Is this a PLIOSAURUS FEROX?

By December 12, 2018Uncategorized

A couple of months ago while conducting the pyrite survey with other volunteers at the Peterborough Museum, we found a note in a box of Pliosaur fossils saying about a report on the find in the Peterborough advertiser newspaper and the date 29th of October 1926.

So, with further research from one of the Peterborough volunteers “Ivor Crowson” who is also an honorary member of the Stamford and District Geological Society, went onto finding in the archives at the Peterborough Central Library on Broadway this associated newspaper article. Quoted below, as the quality of the archive including the photograph is as found in the archives.
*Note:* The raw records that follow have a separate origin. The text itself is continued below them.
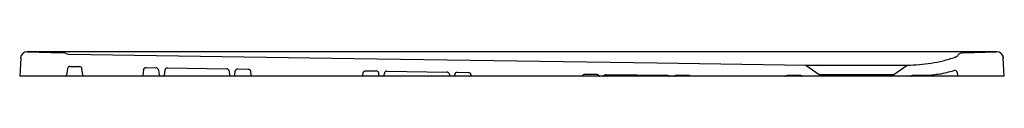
# Model space of a CAD drawing. Header units: millimetres. Extents: x 5550.93 to 5552.13, y 3446.21 to 3446.24.
import ezdxf

# ---------------------------------------------------------------- set-up
doc = ezdxf.new("R2010")
doc.units = ezdxf.units.MM
doc.layers.add('SANINDUSA', color=3, linetype='Continuous')

msp = doc.modelspace()

# ---------------------------------------------------------------- linework, layer by layer
at = {"layer": 'SANINDUSA'}
for p, q in [((5550.9388, 3446.2444), (5550.9824, 3446.2433)), ((5552.107, 3446.2444), (5550.9519, 3446.2444)), ((5552.079, 3446.2434), (5552.1201, 3446.2444)), ((5550.9307, 3446.2369), (5550.9295, 3446.2147)), ((5550.9307, 3446.2369), (5550.9307, 3446.237)), ((5552.1283, 3446.237), (5552.1283, 3446.2369)), ((5552.1295, 3446.2147), (5552.1283, 3446.2369)), ((5550.9876, 3446.224), (5550.9867, 3446.216)), ((5550.9906, 3446.2266), (5551.0024, 3446.2264)), ((5551.0063, 3446.216), (5551.0054, 3446.2238)), ((5551.0805, 3446.2226), (5551.0797, 3446.216)), ((5551.0835, 3446.2252), (5551.0956, 3446.225)), ((5551.0985, 3446.2224), (5551.0993, 3446.216)), ((5551.1064, 3446.2222), (5551.1057, 3446.216)), ((5551.1094, 3446.2248), (5551.1818, 3446.2238)), ((5551.1847, 3446.2211), (5551.1853, 3446.216)), ((5551.1917, 3446.216), (5551.1923, 3446.2209)), ((5551.1953, 3446.2236), (5551.2078, 3446.2234)), ((5551.2107, 3446.2208), (5551.2113, 3446.216)), ((5551.351, 3446.2213), (5551.3641, 3446.2211)), ((5551.3769, 3446.2209), (5551.4503, 3446.2198)), ((5551.8877, 3446.2283), (5551.904, 3446.2169)), ((5551.995, 3446.2169), (5552.0113, 3446.2283)), ((5550.9852, 3446.2147), (5550.9295, 3446.2147)), ((5550.9896, 3446.2147), (5550.9852, 3446.2147)), ((5551.0077, 3446.2147), (5550.9896, 3446.2147)), ((5551.0782, 3446.2147), (5551.0078, 3446.2147)), ((5551.1008, 3446.2147), (5551.0782, 3446.2147)), ((5551.1042, 3446.2147), (5551.1008, 3446.2147)), ((5551.1086, 3446.2147), (5551.1042, 3446.2147)), ((5551.1823, 3446.2147), (5551.1086, 3446.2147)), ((5551.1868, 3446.2147), (5551.1823, 3446.2147)), ((5551.1902, 3446.2147), (5551.1868, 3446.2147)), ((5551.2127, 3446.2147), (5551.1902, 3446.2147)), ((5551.3462, 3446.2147), (5551.2128, 3446.2147)), ((5551.3688, 3446.2147), (5551.3462, 3446.2147)), ((5551.3477, 3446.216), (5551.348, 3446.2187)), ((5551.3673, 3446.216), (5551.367, 3446.2184)), ((5551.3722, 3446.2147), (5551.3688, 3446.2147)), ((5551.3766, 3446.2147), (5551.3722, 3446.2147)), ((5551.3737, 3446.216), (5551.3739, 3446.2182)), ((5551.4503, 3446.2147), (5551.3766, 3446.2147)), ((5551.4548, 3446.2147), (5551.4503, 3446.2147)), ((5551.4532, 3446.2172), (5551.4533, 3446.216)), ((5551.4582, 3446.2147), (5551.4548, 3446.2147)), ((5551.4808, 3446.2147), (5551.4582, 3446.2147)), ((5551.4597, 3446.216), (5551.4598, 3446.217)), ((5551.4628, 3446.2196), (5551.4763, 3446.2194)), ((5551.4793, 3446.216), (5551.4792, 3446.2168)), ((5551.6144, 3446.2147), (5551.4808, 3446.2147)), ((5551.6365, 3446.2147), (5551.6146, 3446.2147)), ((5551.6185, 3446.2173), (5551.6326, 3446.2171)), ((5551.6405, 3446.2147), (5551.6365, 3446.2147)), ((5551.6444, 3446.2169), (5551.7192, 3446.2158)), ((5551.6495, 3446.2147), (5551.6445, 3446.2147)), ((5551.7269, 3446.2147), (5551.7221, 3446.2147)), ((5551.7453, 3446.2157), (5551.7297, 3446.2157)), ((5551.8622, 3446.2147), (5551.7481, 3446.2147)), ((5551.8833, 3446.2147), (5551.8624, 3446.2147)), ((5551.8805, 3446.2157), (5551.865, 3446.2157)), ((5551.8824, 3446.215), (5551.8821, 3446.2152)), ((5551.904, 3446.2147), (5551.8833, 3446.2147)), ((5551.904, 3446.2169), (5551.904, 3446.2147)), ((5551.904, 3446.2169), (5551.995, 3446.2169)), ((5551.995, 3446.2147), (5551.904, 3446.2147)), ((5551.995, 3446.2147), (5551.995, 3446.2169)), ((5552.0157, 3446.2147), (5551.995, 3446.2147)), ((5552.0181, 3446.2147), (5552.0157, 3446.2147)), ((5552.0168, 3446.2151), (5552.0166, 3446.215)), ((5552.0346, 3446.2157), (5552.0186, 3446.2157)), ((5552.0399, 3446.2147), (5552.0395, 3446.2147)), ((5552.043, 3446.2147), (5552.0399, 3446.2147)), ((5552.0693, 3446.2147), (5552.043, 3446.2147)), ((5552.0738, 3446.2147), (5552.0693, 3446.2147)), ((5552.0719, 3446.2192), (5552.0723, 3446.216)), ((5552.1295, 3446.2147), (5552.0738, 3446.2147))]:
    msp.add_line(p, q, dxfattribs=at)
at = {"layer": 'SANINDUSA', "flags": 128}
msp.add_lwpolyline([(5550.9892, 3446.2416), (5551.3367, 3446.2365), (5551.7062, 3446.231), (5551.8877, 3446.2283)], dxfattribs=at)
at = {"layer": 'SANINDUSA'}
for centre, radius, start, end in [((5550.9386, 3446.2366), 0.00797, 89.3117, 177), ((5550.9386, 3446.2364), 0.008, 88.5, 177), ((5552.1203, 3446.2364), 0.008, 3, 91.5), ((5552.1204, 3446.2366), 0.00795, 3, 91.0687), ((5550.9822, 3446.2353), 0.008, 63.4423, 88.5), ((5550.9893, 3446.2496), 0.008, 243.4423, 269.1532), ((5552.0668, 3446.2454), 0.008, 288.6354, 320.9443), ((5552.0792, 3446.2354), 0.008, 91.5, 140.9443), ((5550.9906, 3446.2236), 0.003, 89.1532, 173), ((5551.0024, 3446.2234), 0.003, 7.0001, 89.1532), ((5551.0956, 3446.222), 0.003, 7, 89.1534), ((5551.1094, 3446.2218), 0.003, 89.1534, 173), ((5551.1817, 3446.2208), 0.003, 7, 89.1533), ((5551.1952, 3446.2206), 0.003, 89.1533, 173), ((5551.3641, 3446.2181), 0.003, 7, 89.1534), ((5551.3769, 3446.2179), 0.003, 89.1535, 173), ((5552.069, 3446.2188), 0.003, 7, 106.7771), ((5550.9852, 3446.2162), 0.0015, 270, 353), ((5551.1008, 3446.2162), 0.0015, 187, 270), ((5551.1042, 3446.2162), 0.0015, 270, 353), ((5551.1868, 3446.2162), 0.0015, 187, 270), ((5551.1902, 3446.2162), 0.0015, 270, 353), ((5551.3688, 3446.2162), 0.0015, 187, 270), ((5551.3722, 3446.2162), 0.0015, 270, 353), ((5551.4502, 3446.2168), 0.003, 7, 89.1533), ((5551.4548, 3446.2162), 0.0015, 187, 270), ((5551.4582, 3446.2162), 0.0015, 270, 353), ((5551.4627, 3446.2166), 0.003, 89.1532, 173), ((5551.6365, 3446.2162), 0.0015, 207.512, 270), ((5551.6405, 3446.2162), 0.0015, 269.9996, 330.709), ((5551.7221, 3446.2162), 0.0015, 227.7897, 270), ((5551.7269, 3446.2162), 0.0015, 270, 309.4006), ((5551.7297, 3446.2128), 0.0029, 90, 129.4006), ((5551.8805, 3446.2128), 0.0029, 55, 90), ((5551.8833, 3446.2162), 0.0015, 235, 270), ((5552.0157, 3446.2162), 0.0015, 270, 305), ((5552.0186, 3446.2127), 0.003, 90, 125), ((5552.0738, 3446.2162), 0.0015, 187, 270)]:
    msp.add_arc(centre, radius, start, end, dxfattribs=at)
for points, knots in [([(5550.9519, 3446.2444), (5550.9506, 3446.2444), (5550.9462, 3446.2444), (5550.9418, 3446.2445), (5550.9387, 3446.2445)], [0, 0, 0, 0, 0.307323, 1, 1, 1, 1]), ([(5552.1202, 3446.2445), (5552.1199, 3446.2445), (5552.1155, 3446.2445), (5552.1111, 3446.2444), (5552.107, 3446.2444)], [0, 0, 0, 0, 0.078201, 1, 1, 1, 1]), ([(5552.0113, 3446.2283), (5552.0209, 3446.2283), (5552.0306, 3446.2291), (5552.0451, 3446.2314), (5552.05, 3446.2324), (5552.0597, 3446.2348), (5552.0645, 3446.2362), (5552.0694, 3446.2379)], [0, 0, 0, 0, 0.5, 0.5, 0.75, 0.75, 1, 1, 1, 1]), ([(5551.0805, 3446.2226), (5551.0805, 3446.2228), (5551.0805, 3446.2229), (5551.0806, 3446.2233), (5551.0807, 3446.2235), (5551.0809, 3446.2238), (5551.081, 3446.2239), (5551.0812, 3446.2242), (5551.0813, 3446.2244), (5551.0816, 3446.2246), (5551.0818, 3446.2247), (5551.0821, 3446.2249), (5551.0822, 3446.225), (5551.0826, 3446.2251), (5551.0828, 3446.2251), (5551.0831, 3446.2252), (5551.0833, 3446.2252), (5551.0835, 3446.2252)], [0, 0, 0, 0, 0.125, 0.125, 0.25, 0.25, 0.375, 0.375, 0.5, 0.5, 0.625, 0.625, 0.75, 0.75, 0.875, 0.875, 1, 1, 1, 1]), ([(5551.2078, 3446.2234), (5551.2082, 3446.2234), (5551.2085, 3446.2233), (5551.209, 3446.2231), (5551.2092, 3446.223), (5551.2095, 3446.2228), (5551.2096, 3446.2227), (5551.2099, 3446.2225), (5551.21, 3446.2224), (5551.2102, 3446.2221), (5551.2103, 3446.2219), (5551.2105, 3446.2216), (5551.2106, 3446.2214), (5551.2107, 3446.2211), (5551.2107, 3446.2209), (5551.2107, 3446.2207)], [0, 0, 0, 0, 0.25, 0.25, 0.375, 0.375, 0.5, 0.5, 0.625, 0.625, 0.75, 0.75, 0.875, 0.875, 1, 1, 1, 1]), ([(5551.348, 3446.2186), (5551.348, 3446.2188), (5551.348, 3446.219), (5551.3481, 3446.2193), (5551.3482, 3446.2195), (5551.3484, 3446.2198), (5551.3485, 3446.22), (5551.3487, 3446.2203), (5551.3488, 3446.2204), (5551.3491, 3446.2206), (5551.3493, 3446.2207), (5551.3496, 3446.2209), (5551.3497, 3446.221), (5551.3501, 3446.2211), (5551.3503, 3446.2212), (5551.3506, 3446.2212), (5551.3508, 3446.2213), (5551.351, 3446.2213)], [0, 0, 0, 0, 0.125, 0.125, 0.25, 0.25, 0.375, 0.375, 0.5, 0.5, 0.625, 0.625, 0.75, 0.75, 0.875, 0.875, 1, 1, 1, 1]), ([(5551.8877, 3446.2283), (5551.8878, 3446.2283), (5551.888, 3446.2283), (5551.8897, 3446.2283), (5551.8922, 3446.2283), (5551.8958, 3446.2283), (5551.9003, 3446.2283), (5551.9057, 3446.2283), (5551.9118, 3446.2283), (5551.9185, 3446.2283), (5551.9258, 3446.2283), (5551.9335, 3446.2283), (5551.9414, 3446.2283), (5551.9495, 3446.2283), (5551.9576, 3446.2283), (5551.9655, 3446.2283), (5551.9732, 3446.2283), (5551.9805, 3446.2283), (5551.9872, 3446.2283), (5551.9933, 3446.2283), (5551.9986, 3446.2283), (5552.0031, 3446.2283), (5552.0067, 3446.2283), (5552.0093, 3446.2283), (5552.0106, 3446.2283), (5552.0108, 3446.2283), (5552.0108, 3446.2283)], [0, 0, 0, 0, 0.043177, 0.086354, 0.129531, 0.172708, 0.215885, 0.259062, 0.30224, 0.345417, 0.388594, 0.431771, 0.474948, 0.518125, 0.561302, 0.604479, 0.647656, 0.690833, 0.73401, 0.777187, 0.820365, 0.863542, 0.906719, 0.949896, 0.993073, 1, 1, 1, 1]), ([(5551.0078, 3446.2147), (5551.0076, 3446.2147), (5551.0075, 3446.2147), (5551.0071, 3446.2148), (5551.007, 3446.2149), (5551.0066, 3446.2153), (5551.0064, 3446.2156), (5551.0063, 3446.216)], [0, 0, 0, 0, 0.25, 0.25, 0.5, 0.5, 1, 1, 1, 1]), ([(5551.0797, 3446.216), (5551.0796, 3446.2158), (5551.0796, 3446.2156), (5551.0794, 3446.2153), (5551.0793, 3446.2152), (5551.0789, 3446.2148), (5551.0785, 3446.2147), (5551.0782, 3446.2147)], [0, 0, 0, 0, 0.25, 0.25, 0.5, 0.5, 1, 1, 1, 1]), ([(5551.2128, 3446.2147), (5551.2126, 3446.2147), (5551.2125, 3446.2147), (5551.2121, 3446.2148), (5551.212, 3446.2149), (5551.2116, 3446.2153), (5551.2114, 3446.2156), (5551.2113, 3446.216)], [0, 0, 0, 0, 0.25, 0.25, 0.5, 0.5, 1, 1, 1, 1]), ([(5551.3477, 3446.216), (5551.3476, 3446.2158), (5551.3476, 3446.2156), (5551.3474, 3446.2153), (5551.3473, 3446.2152), (5551.3469, 3446.2148), (5551.3465, 3446.2147), (5551.3462, 3446.2147)], [0, 0, 0, 0, 0.25, 0.25, 0.5, 0.5, 1, 1, 1, 1]), ([(5551.4763, 3446.2194), (5551.4767, 3446.2194), (5551.477, 3446.2193), (5551.4775, 3446.2191), (5551.4777, 3446.2191), (5551.478, 3446.2189), (5551.4781, 3446.2188), (5551.4784, 3446.2185), (5551.4785, 3446.2184), (5551.4787, 3446.2181), (5551.4788, 3446.218), (5551.479, 3446.2176), (5551.4791, 3446.2175), (5551.4792, 3446.2171), (5551.4792, 3446.217), (5551.4792, 3446.2168)], [0, 0, 0, 0, 0.25, 0.25, 0.375, 0.375, 0.5, 0.5, 0.625, 0.625, 0.75, 0.75, 0.875, 0.875, 1, 1, 1, 1]), ([(5551.4808, 3446.2147), (5551.4806, 3446.2147), (5551.4805, 3446.2147), (5551.4801, 3446.2148), (5551.48, 3446.2149), (5551.4796, 3446.2153), (5551.4794, 3446.2156), (5551.4793, 3446.216)], [0, 0, 0, 0, 0.25, 0.25, 0.5, 0.5, 1, 1, 1, 1]), ([(5551.6157, 3446.2156), (5551.6157, 3446.2154), (5551.6156, 3446.2153), (5551.6154, 3446.2151), (5551.6153, 3446.215), (5551.6151, 3446.2148), (5551.6149, 3446.2148), (5551.6147, 3446.2147), (5551.6145, 3446.2147), (5551.6144, 3446.2147)], [0, 0, 0, 0, 0.25, 0.25, 0.5, 0.5, 0.75, 0.75, 1, 1, 1, 1]), ([(5551.6157, 3446.2156), (5551.6159, 3446.2158), (5551.616, 3446.2161), (5551.6163, 3446.2164), (5551.6164, 3446.2165), (5551.6166, 3446.2167), (5551.6167, 3446.2168), (5551.6171, 3446.217), (5551.6174, 3446.2171), (5551.6179, 3446.2173), (5551.6182, 3446.2173), (5551.6185, 3446.2173)], [0, 0, 0, 0, 0.25, 0.25, 0.375, 0.375, 0.5, 0.5, 0.75, 0.75, 1, 1, 1, 1]), ([(5551.6326, 3446.2171), (5551.6329, 3446.2171), (5551.6331, 3446.2171), (5551.6335, 3446.2169), (5551.6336, 3446.2169), (5551.6339, 3446.2168), (5551.634, 3446.2167), (5551.6343, 3446.2165), (5551.6346, 3446.2163), (5551.6348, 3446.216), (5551.6349, 3446.2159), (5551.6351, 3446.2157), (5551.6351, 3446.2156), (5551.6352, 3446.2155)], [0, 0, 0, 0, 0.25, 0.25, 0.375, 0.375, 0.5, 0.5, 0.75, 0.75, 0.875, 0.875, 1, 1, 1, 1]), ([(5551.6445, 3446.2147), (5551.6443, 3446.2147), (5551.6437, 3446.2147), (5551.6427, 3446.2147), (5551.6418, 3446.2147), (5551.6414, 3446.2147), (5551.6405, 3446.2147)], [0, 0, 0, 0, 0.121846, 0.509004, 0.906408, 1, 1, 1, 1]), ([(5551.6418, 3446.2154), (5551.6418, 3446.2156), (5551.6419, 3446.2157), (5551.6421, 3446.2159), (5551.6422, 3446.216), (5551.6424, 3446.2162), (5551.6426, 3446.2164), (5551.643, 3446.2166), (5551.6431, 3446.2167), (5551.6433, 3446.2168), (5551.6435, 3446.2168), (5551.6438, 3446.2169), (5551.6441, 3446.2169), (5551.6444, 3446.2169)], [0, 0, 0, 0, 0.125, 0.125, 0.25, 0.25, 0.5, 0.5, 0.625, 0.625, 0.75, 0.75, 1, 1, 1, 1]), ([(5551.7185, 3446.2147), (5551.7156, 3446.2147), (5551.7127, 3446.2147), (5551.7097, 3446.2147), (5551.698, 3446.2147), (5551.6863, 3446.2147), (5551.6745, 3446.2147), (5551.6691, 3446.2147), (5551.6637, 3446.2147), (5551.6583, 3446.2147), (5551.6554, 3446.2147), (5551.6525, 3446.2147), (5551.6495, 3446.2147)], [0, 0, 0, 0, 0.0088, 0.0088, 0.0088, 0.044, 0.044, 0.044, 0.0601934, 0.0601934, 0.0601934, 0.0689934, 0.0689934, 0.0689934, 0.0689934]), ([(5551.7221, 3446.2147), (5551.721, 3446.2147), (5551.7207, 3446.2147), (5551.7198, 3446.2147), (5551.7189, 3446.2147), (5551.7185, 3446.2147)], [0, 0, 0, 0, 0.095785, 0.547608, 1, 1, 1, 1]), ([(5551.7192, 3446.2158), (5551.7194, 3446.2158), (5551.7196, 3446.2158), (5551.7199, 3446.2157), (5551.7201, 3446.2157), (5551.7204, 3446.2156), (5551.7206, 3446.2155), (5551.7209, 3446.2153), (5551.721, 3446.2152), (5551.7211, 3446.2151)], [0, 0, 0, 0, 0.25, 0.25, 0.5, 0.5, 0.75, 0.75, 1, 1, 1, 1]), ([(5551.7481, 3446.2147), (5551.7458, 3446.2147), (5551.7411, 3446.2147), (5551.7343, 3446.2147), (5551.7299, 3446.2147), (5551.7269, 3446.2147)], [0, 0, 0, 0, 0.3427141, 0.6943326, 1, 1, 1, 1]), ([(5551.7453, 3446.2157), (5551.7456, 3446.2157), (5551.746, 3446.2156), (5551.7466, 3446.2154), (5551.7469, 3446.2152), (5551.7471, 3446.215)], [0, 0, 0, 0, 0.5, 0.5, 1, 1, 1, 1]), ([(5551.7481, 3446.2147), (5551.7479, 3446.2147), (5551.7477, 3446.2147), (5551.7474, 3446.2148), (5551.7473, 3446.2149), (5551.7471, 3446.215)], [0, 0, 0, 0, 0.5, 0.5, 1, 1, 1, 1]), ([(5551.8631, 3446.215), (5551.8634, 3446.2152), (5551.8637, 3446.2154), (5551.8643, 3446.2156), (5551.8647, 3446.2157), (5551.865, 3446.2157)], [0, 0, 0, 0, 0.5, 0.5, 1, 1, 1, 1]), ([(5552.0505, 3446.2173), (5552.0479, 3446.2168), (5552.0453, 3446.2164), (5552.0399, 3446.2158), (5552.0372, 3446.2157), (5552.0346, 3446.2157)], [0, 0, 0, 0, 0.5, 0.5, 1, 1, 1, 1])]:
    msp.add_open_spline(points, degree=3, knots=knots, dxfattribs=at)
for points in [[(5552.0505, 3446.2173), (5552.0564, 3446.2185), (5552.0623, 3446.22), (5552.0681, 3446.2217)], [(5551.8622, 3446.2147), (5551.8625, 3446.2147), (5551.8629, 3446.2148), (5551.8631, 3446.215)], [(5552.0244, 3446.2147), (5552.0223, 3446.2147), (5552.0202, 3446.2147), (5552.0181, 3446.2147)], [(5552.0316, 3446.2147), (5552.0292, 3446.2147), (5552.0268, 3446.2147), (5552.0244, 3446.2147)], [(5552.0395, 3446.2147), (5552.0369, 3446.2147), (5552.0342, 3446.2147), (5552.0316, 3446.2147)]]:
    msp.add_open_spline(points, degree=3, dxfattribs=at)

doc.saveas('drawing.dxf')

“Is This a PLIOSAURUS FEROX”

      “THIS CONSIDERABLY-FLATTENED SURIAN lying in the Oxford Clay at Messrs Eastwoods Yardat Fletton, is arousing considerable attention because if it is the PliosaurusFerox- Fierce variety – it is somewhat rare. The inordinate length of the flappers is noteworthy. The head is gone, but probably it is amongst Mr.Phillips collection in the Peterborough Museum, which was secured by the Museum Society. At any rate, if the Eastwood fossil finds a home there, no difficulty will be experienced in completing the beastie. It was originally an inhabitant of the sea, which was over Fletton in its day, millions of years ago. It was probably chocked to death a tremendous flood bringing tons of mud down thechannel, which emptied into the shallow Oxford Clay sea. It may have come toits end fighting with another of its species, but it was covered with mud before it had time to decay and has thus been preserved. We are now making bricks of that mud deposit!”  

I then went onto conduct my own research and established exactly where the Eastwoods Yard brickworks at Fletton 1B(1) indicated in the photo below, used to be in Peterborough in 1926.

Eastwood’s Yard 1b (1) 1926
Fletton brickmaking sites around Peterborough
Key for the Map

The above additional information helps to tell the story of this very important find. And just goes to show with further research for finds such as these by museum volunteers, will always help give provenance when none is available at the time.